1. Pour les députés auteurs du recours, ont été méconnus, d'une part, les exigences de clarté et de sincérité du débat parlementaire et, d'autre part, l'article 49 du règlement de cette assemblée qui, aux termes de l'article 51-1 de la Constitution, reconnaît des droits spécifiques aux groupes parlementaires d'opposition et minoritaire. Ils considèrent également, comme les sénateurs auteurs du recours, que l'étude d'impact n'est pas conforme aux exigences de l'article 8 de la loi organique n° 2009-403 du 15 avril 2009 relative à l'application des articles 34-1, 39 et 44 de la Constitution.
2. Le Gouvernement considère que ces griefs ne sont pas fondés.
2.1. La sincérité des débats parlementaires n'a pas été altérée.
A. ― Les débats sur le projet, lors de la première lecture du texte devant l'Assemblée nationale, ont duré 110 heures. Devant le Sénat, certaines dispositions du texte ― dont l'article 1er qui ouvre le mariage aux couples de même sexe ― ont été votées dans les mêmes termes. Le texte soumis à l'examen de l'Assemblée nationale lors de la deuxième lecture n'était pas profondément remanié par rapport à celui examiné en première lecture.

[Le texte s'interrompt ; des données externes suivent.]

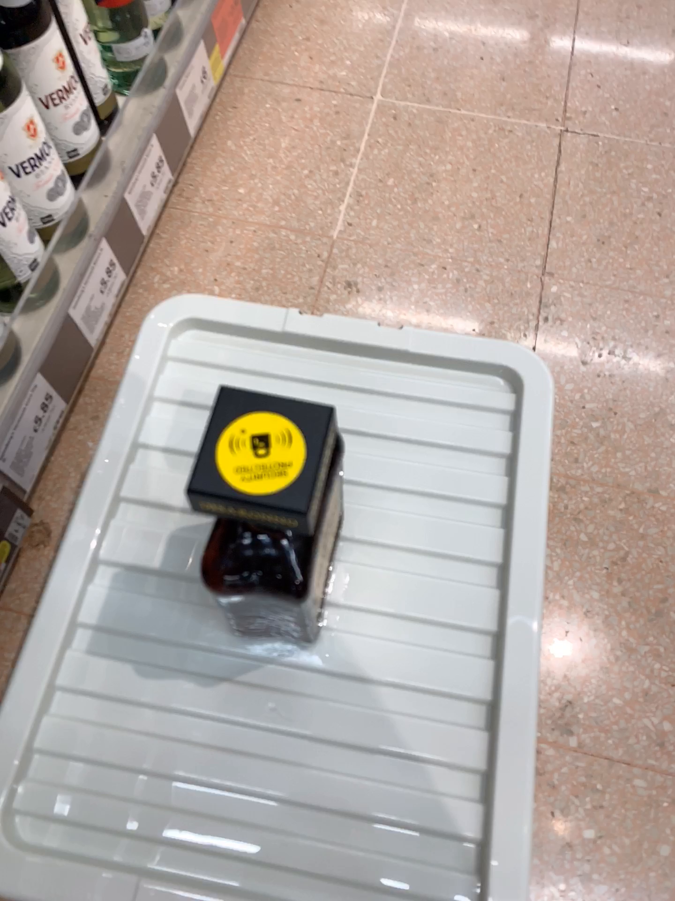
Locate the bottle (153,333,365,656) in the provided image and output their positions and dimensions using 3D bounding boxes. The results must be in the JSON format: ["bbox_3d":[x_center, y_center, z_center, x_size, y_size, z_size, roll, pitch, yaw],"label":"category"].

Dans ces conditions, faisant application de la prérogative qu'il tire du deuxième alinéa de l'article 48 de la Constitution, le Gouvernement a décidé d'inscrire à l'ordre du jour de l'Assemblée nationale la deuxième lecture du texte dans un délai rapproché. Le vendredi, jour de l'adoption du projet de loi par le Sénat, le Gouvernement a notifié par lettre la décision qu'il avait prise. En conséquence, le président de la commission des lois de l'Assemblée nationale a pu, dès ce jour et conformément à l'article 40 du règlement de l'Assemblée nationale, convoquer la commission pour le lundi suivant en fin d'après-midi afin qu'elle examine le texte, la fin du délai de dépôt des amendements étant fixé au lundi en fin de matinée. Les députés ont donc eu le temps nécessaire pour préparer et déposer des amendements en commission, ce qu'ils n'ont pas manqué de faire puisque 736 amendements ont été déposés.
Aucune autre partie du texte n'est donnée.